• [Action item]:
Going from the line that contains "text In uw bezwaarschrift" to the last line of the material below, repeat every line exactly.
***** Data to process
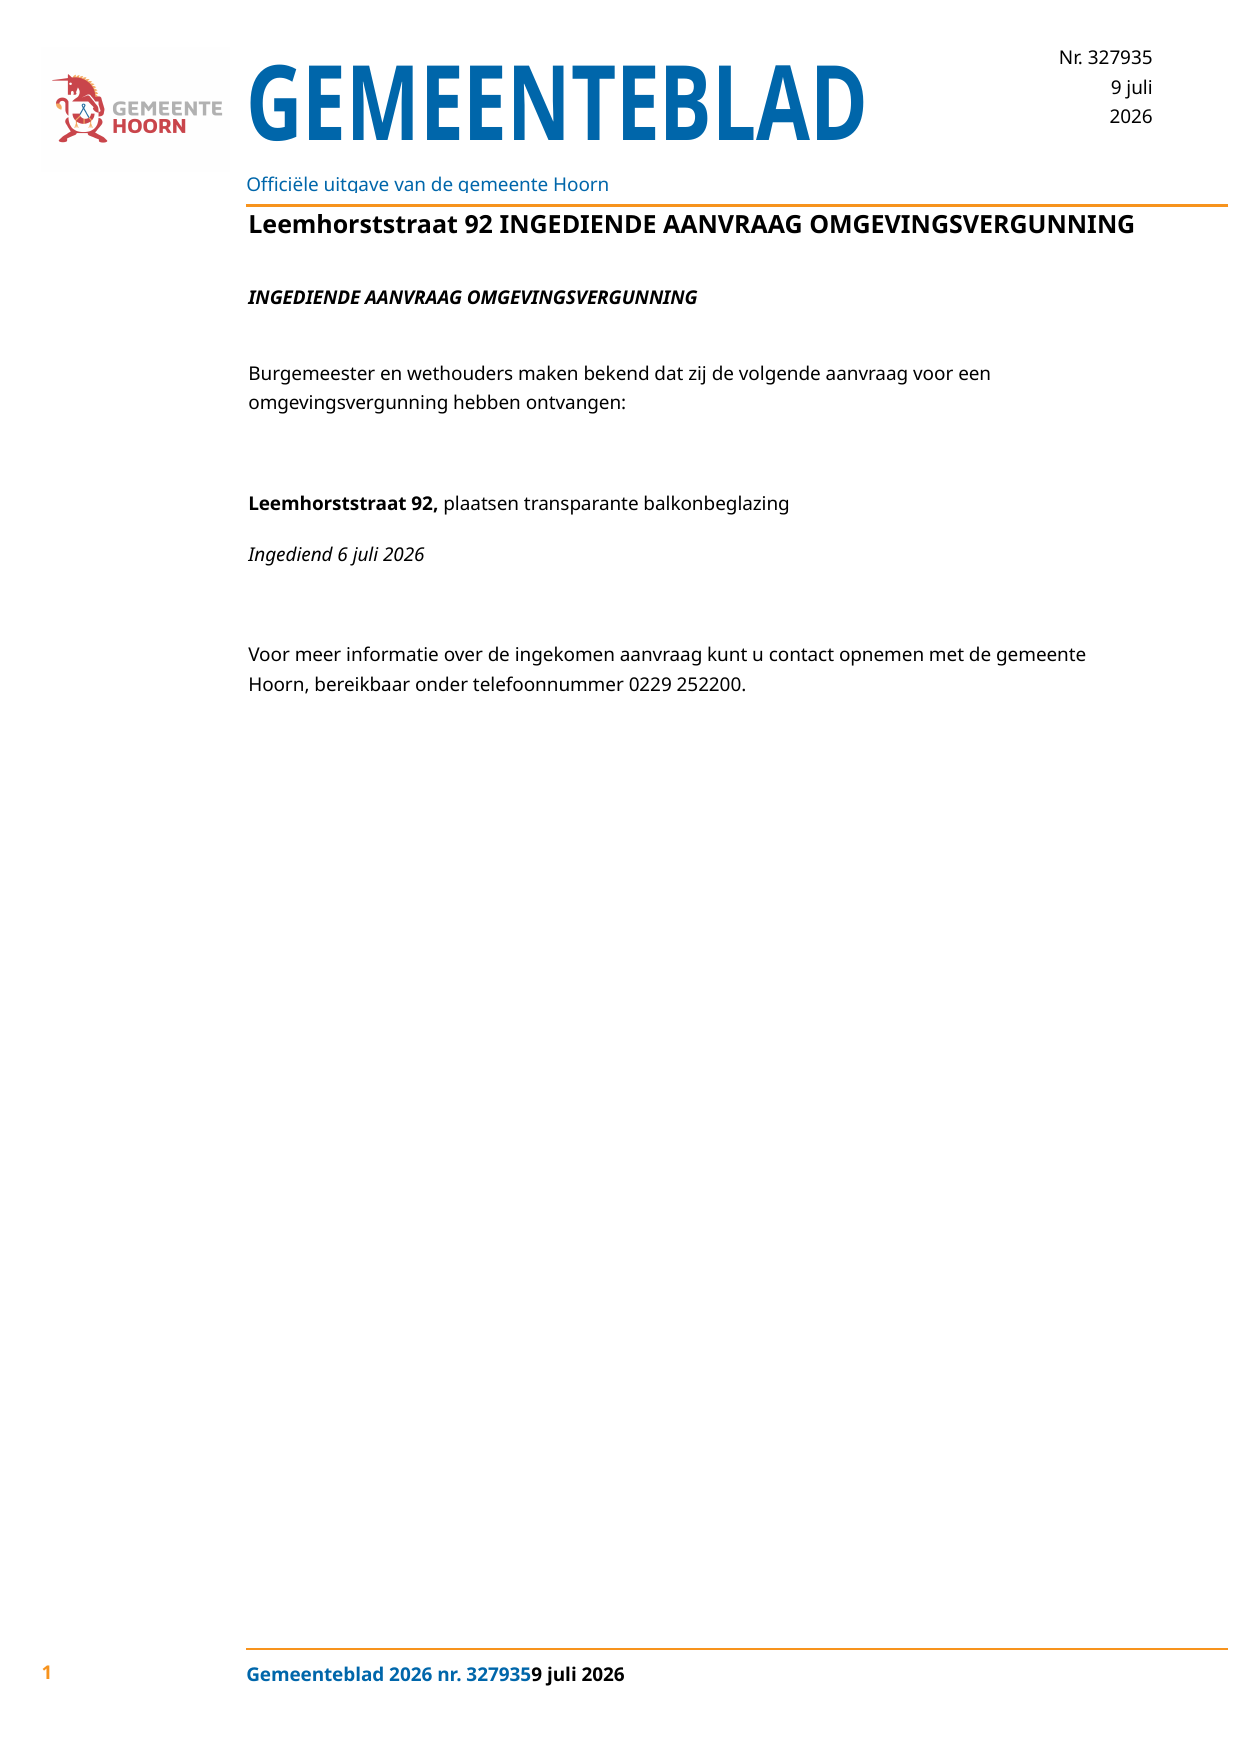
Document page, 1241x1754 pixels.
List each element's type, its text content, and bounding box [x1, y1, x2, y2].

text Voor meer informatie over de ingekomen aanvraag kunt u contact opnemen met de gemeente Hoorn, bereikbaar onder telefoonnummer 0229 252200. [248, 642, 1152, 697]
text Burgemeester en wethouders maken bekend dat zij de volgende aanvraag voor een omgevingsvergunning hebben ontvangen: [248, 360, 1152, 415]
text Ingediend 6 juli 2026 [248, 541, 1152, 567]
text INGEDIENDE AANVRAAG OMGEVINGSVERGUNNING [248, 284, 1152, 309]
text Leemhorststraat 92, plaatsen transparante balkonbeglazing [248, 490, 1152, 516]
picture [41, 47, 231, 172]
text Leemhorststraat 92 INGEDIENDE AANVRAAG OMGEVINGSVERGUNNING [248, 207, 1152, 241]
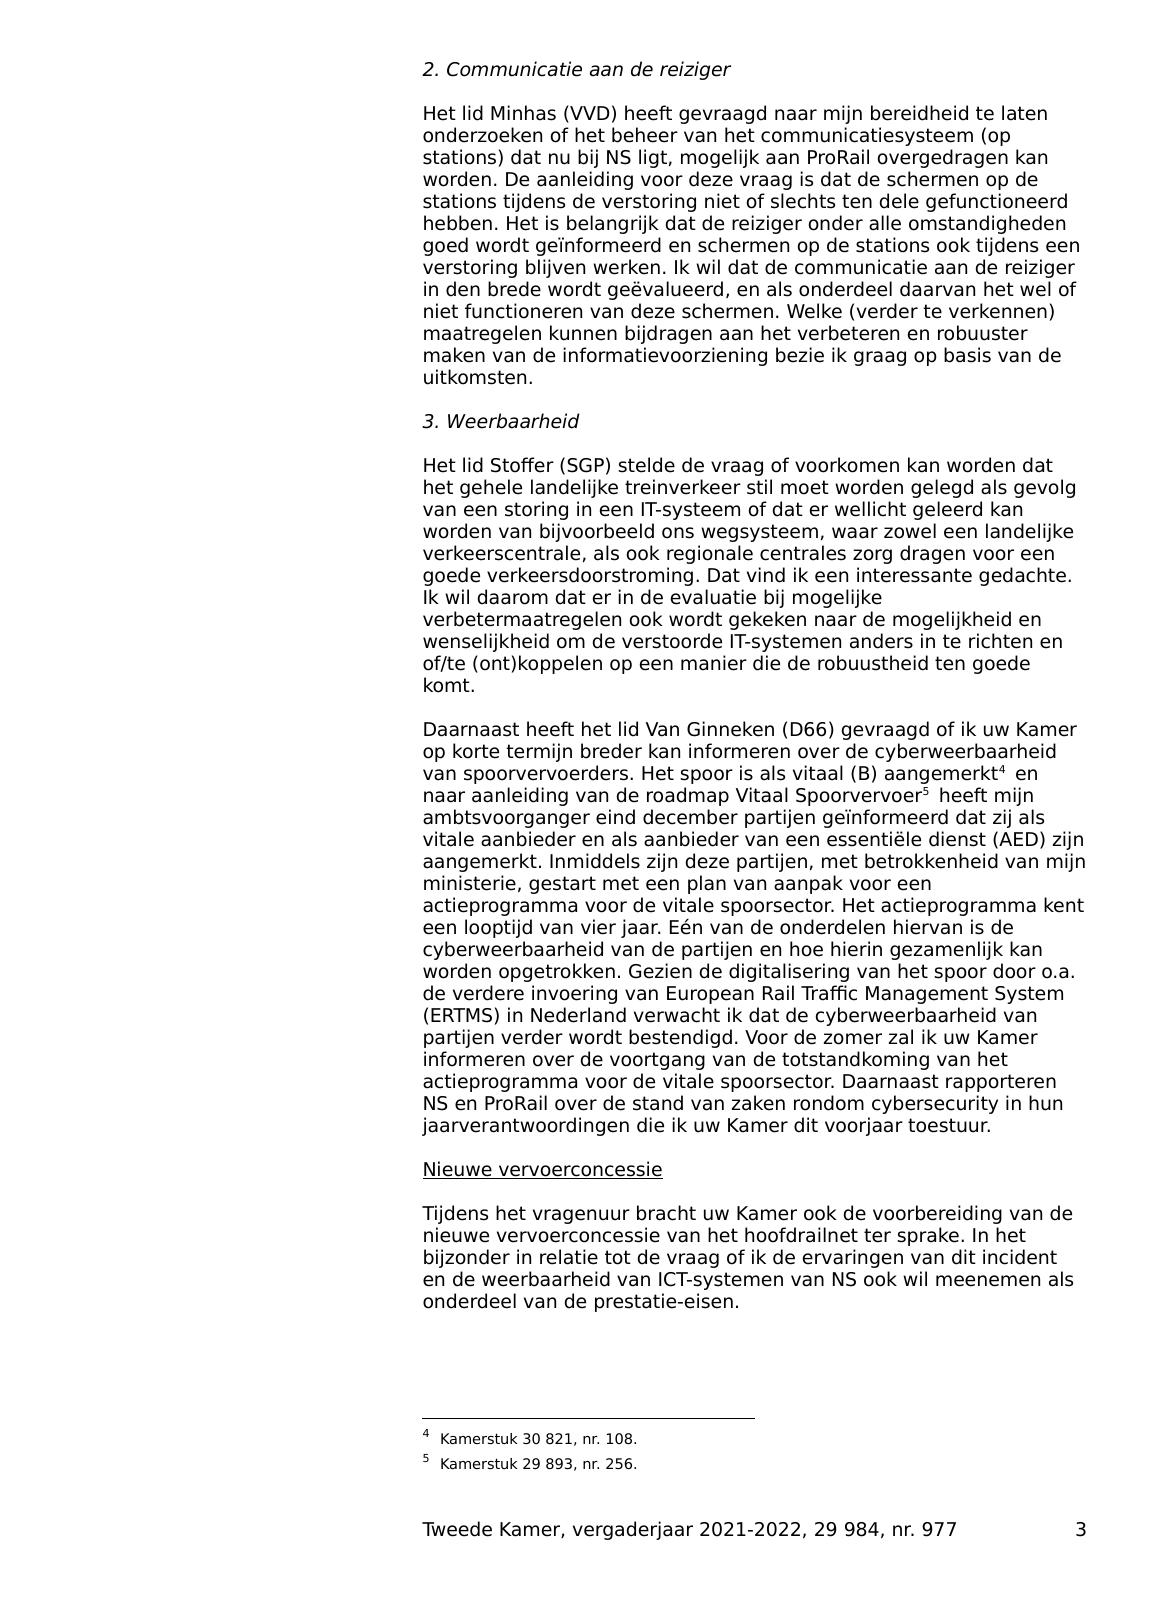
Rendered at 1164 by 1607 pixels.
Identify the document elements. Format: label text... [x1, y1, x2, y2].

text Het lid Stoffer (SGP) stelde de vraag of voorkomen kan worden dat het gehele landelijke treinverkeer stil moet worden gelegd als gevolg van een storing in een IT-systeem of dat er wellicht geleerd kan worden van bijvoorbeeld ons wegsysteem, waar zowel een landelijke verkeerscentrale, als ook regionale centrales zorg dragen voor een goede verkeersdoorstroming. Dat vind ik een interessante gedachte. Ik wil daarom dat er in de evaluatie bij mogelijke verbetermaatregelen ook wordt gekeken naar de mogelijkheid en wenselijkheid om de verstoorde IT-systemen anders in te richten en of/te (ont)koppelen op een manier die de robuustheid ten goede komt. [422, 455, 1087, 697]
text Kamerstuk 30 821, nr. 108. [422, 1427, 1087, 1449]
subtitle 3. Weerbaarheid [422, 411, 1087, 433]
subtitle 2. Communicatie aan de reiziger [422, 59, 1087, 81]
subtitle Nieuwe vervoerconcessie [422, 1159, 1087, 1181]
text Tijdens het vragenuur bracht uw Kamer ook de voorbereiding van de nieuwe vervoerconcessie van het hoofdrailnet ter sprake. In het bijzonder in relatie tot de vraag of ik de ervaringen van dit incident en de weerbaarheid van ICT-systemen van NS ook wil meenemen als onderdeel van de prestatie-eisen. [422, 1203, 1087, 1313]
text Kamerstuk 29 893, nr. 256. [422, 1452, 1087, 1474]
text Het lid Minhas (VVD) heeft gevraagd naar mijn bereidheid te laten onderzoeken of het beheer van het communicatiesysteem (op stations) dat nu bij NS ligt, mogelijk aan ProRail overgedragen kan worden. De aanleiding voor deze vraag is dat de schermen op de stations tijdens de verstoring niet of slechts ten dele gefunctioneerd hebben. Het is belangrijk dat de reiziger onder alle omstandigheden goed wordt geïnformeerd en schermen op de stations ook tijdens een verstoring blijven werken. Ik wil dat de communicatie aan de reiziger in den brede wordt geëvalueerd, en als onderdeel daarvan het wel of niet functioneren van deze schermen. Welke (verder te verkennen) maatregelen kunnen bijdragen aan het verbeteren en robuuster maken van de informatievoorziening bezie ik graag op basis van de uitkomsten. [422, 103, 1087, 389]
text Daarnaast heeft het lid Van Ginneken (D66) gevraagd of ik uw Kamer op korte termijn breder kan informeren over de cyberweerbaarheid van spoorvervoerders. Het spoor is als vitaal (B) aangemerkt en naar aanleiding van de roadmap Vitaal Spoorvervoer heeft mijn ambtsvoorganger eind december partijen geïnformeerd dat zij als vitale aanbieder en als aanbieder van een essentiële dienst (AED) zijn aangemerkt. Inmiddels zijn deze partijen, met betrokkenheid van mijn ministerie, gestart met een plan van aanpak voor een actieprogramma voor de vitale spoorsector. Het actieprogramma kent een looptijd van vier jaar. Eén van de onderdelen hiervan is de cyberweerbaarheid van de partijen en hoe hierin gezamenlijk kan worden opgetrokken. Gezien de digitalisering van het spoor door o.a. de verdere invoering van European Rail Traffic Management System (ERTMS) in Nederland verwacht ik dat de cyberweerbaarheid van partijen verder wordt bestendigd. Voor de zomer zal ik uw Kamer informeren over de voortgang van de totstandkoming van het actieprogramma voor de vitale spoorsector. Daarnaast rapporteren NS en ProRail over de stand van zaken rondom cybersecurity in hun jaarverantwoordingen die ik uw Kamer dit voorjaar toestuur. [422, 719, 1087, 1137]
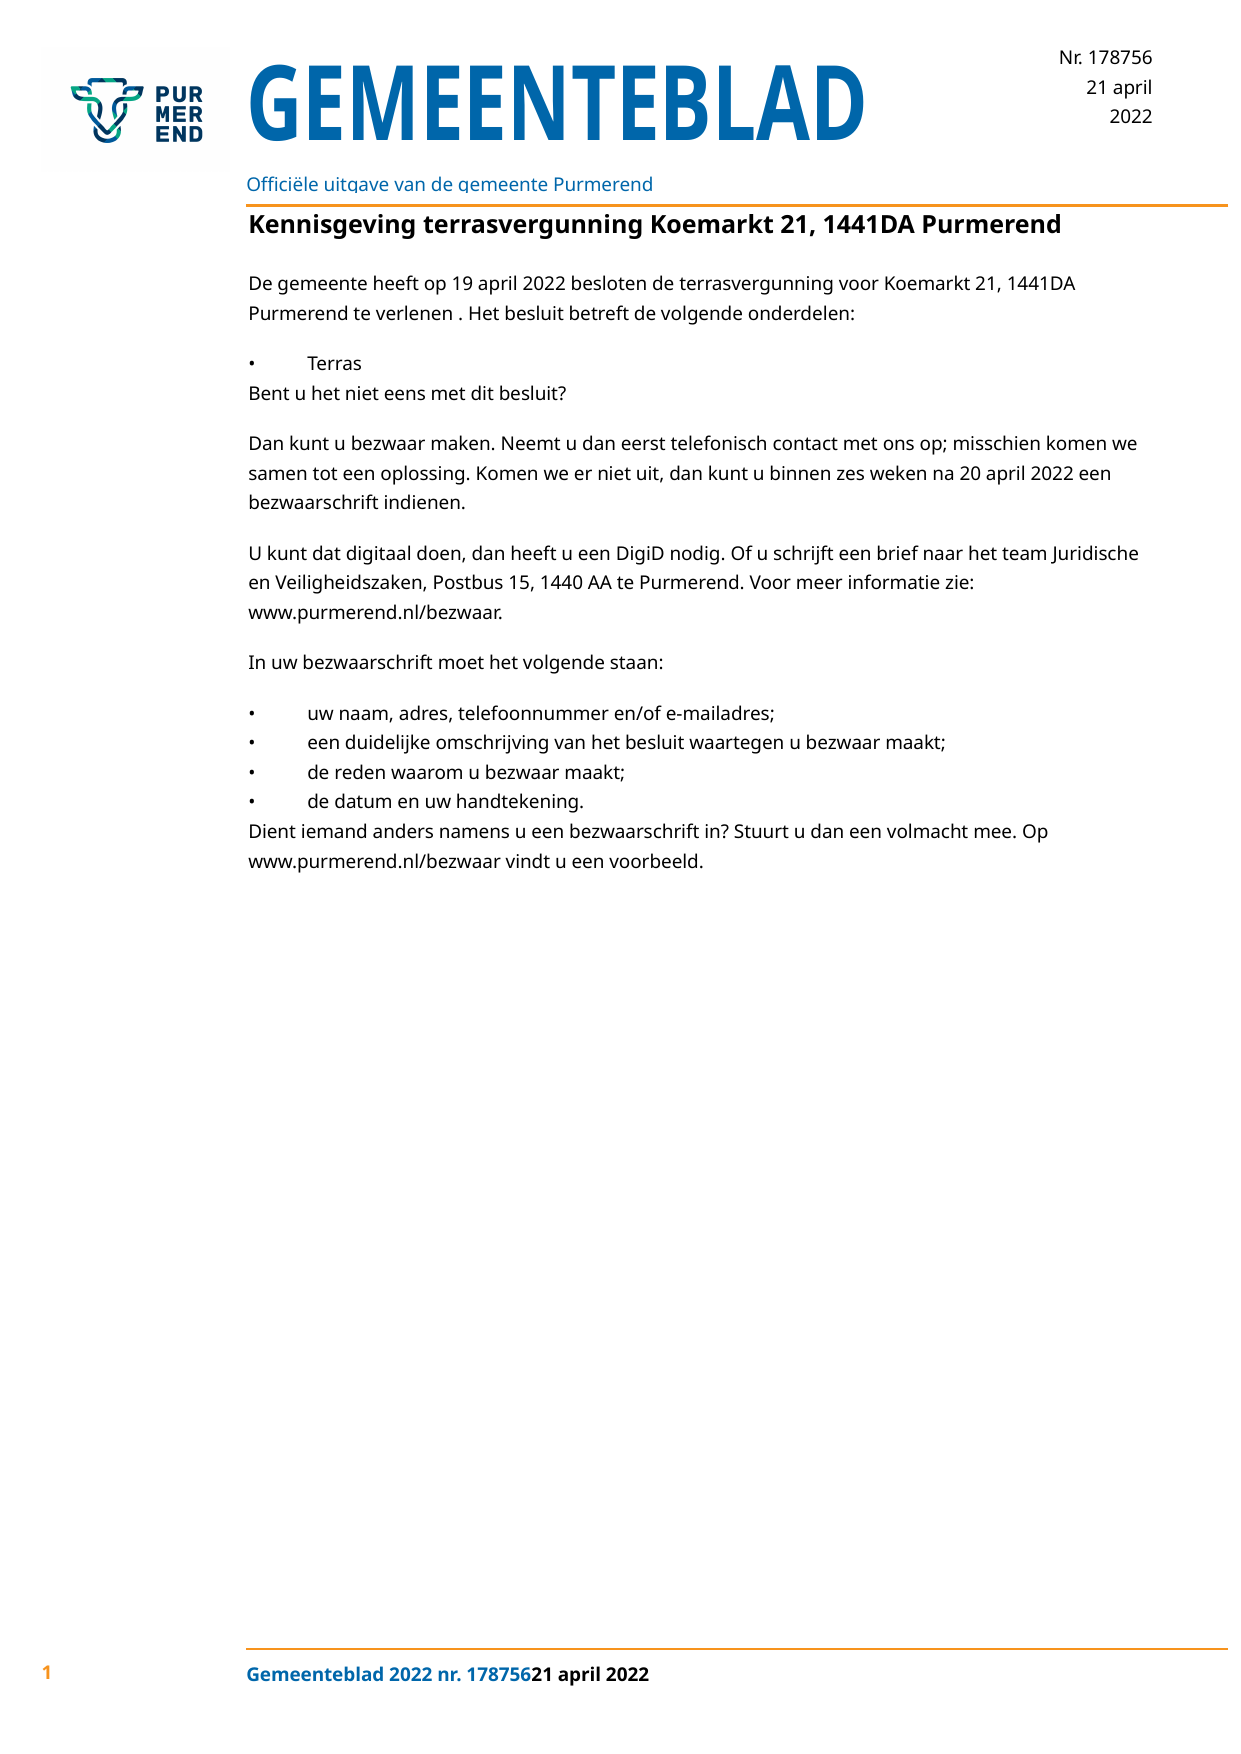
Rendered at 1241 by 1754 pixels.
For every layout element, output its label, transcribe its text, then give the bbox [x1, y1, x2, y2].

list de reden waarom u bezwaar maakt; [248, 759, 1152, 785]
text Bent u het niet eens met dit besluit? [248, 380, 1152, 406]
text De gemeente heeft op 19 april 2022 besloten de terrasvergunning voor Koemarkt 21, 1441DA Purmerend te verlenen . Het besluit betreft de volgende onderdelen: [248, 270, 1152, 326]
text Dan kunt u bezwaar maken. Neemt u dan eerst telefonisch contact met ons op; misschien komen we samen tot een oplossing. Komen we er niet uit, dan kunt u binnen zes weken na 20 april 2022 een bezwaarschrift indienen. [248, 430, 1152, 515]
list uw naam, adres, telefoonnummer en/of e-mailadres; [248, 700, 1152, 726]
picture [41, 47, 231, 172]
list Terras [248, 350, 1152, 376]
text Kennisgeving terrasvergunning Koemarkt 21, 1441DA Purmerend [248, 207, 1152, 241]
list de datum en uw handtekening. [248, 789, 1152, 814]
text Dient iemand anders namens u een bezwaarschrift in? Stuurt u dan een volmacht mee. Op www.purmerend.nl/bezwaar vindt u een voorbeeld. [248, 818, 1152, 873]
text In uw bezwaarschrift moet het volgende staan: [248, 649, 1152, 675]
list een duidelijke omschrijving van het besluit waartegen u bezwaar maakt; [248, 729, 1152, 755]
text U kunt dat digitaal doen, dan heeft u een DigiD nodig. Of u schrijft een brief naar het team Juridische en Veiligheidszaken, Postbus 15, 1440 AA te Purmerend. Voor meer informatie zie: www.purmerend.nl/bezwaar. [248, 540, 1152, 625]
**********
• [Result for this task]:
text In uw bezwaarschrift moet het volgende staan: [248, 649, 1152, 675]
list een duidelijke omschrijving van het besluit waartegen u bezwaar maakt; [248, 729, 1152, 755]
text U kunt dat digitaal doen, dan heeft u een DigiD nodig. Of u schrijft een brief naar het team Juridische en Veiligheidszaken, Postbus 15, 1440 AA te Purmerend. Voor meer informatie zie: www.purmerend.nl/bezwaar. [248, 540, 1152, 625]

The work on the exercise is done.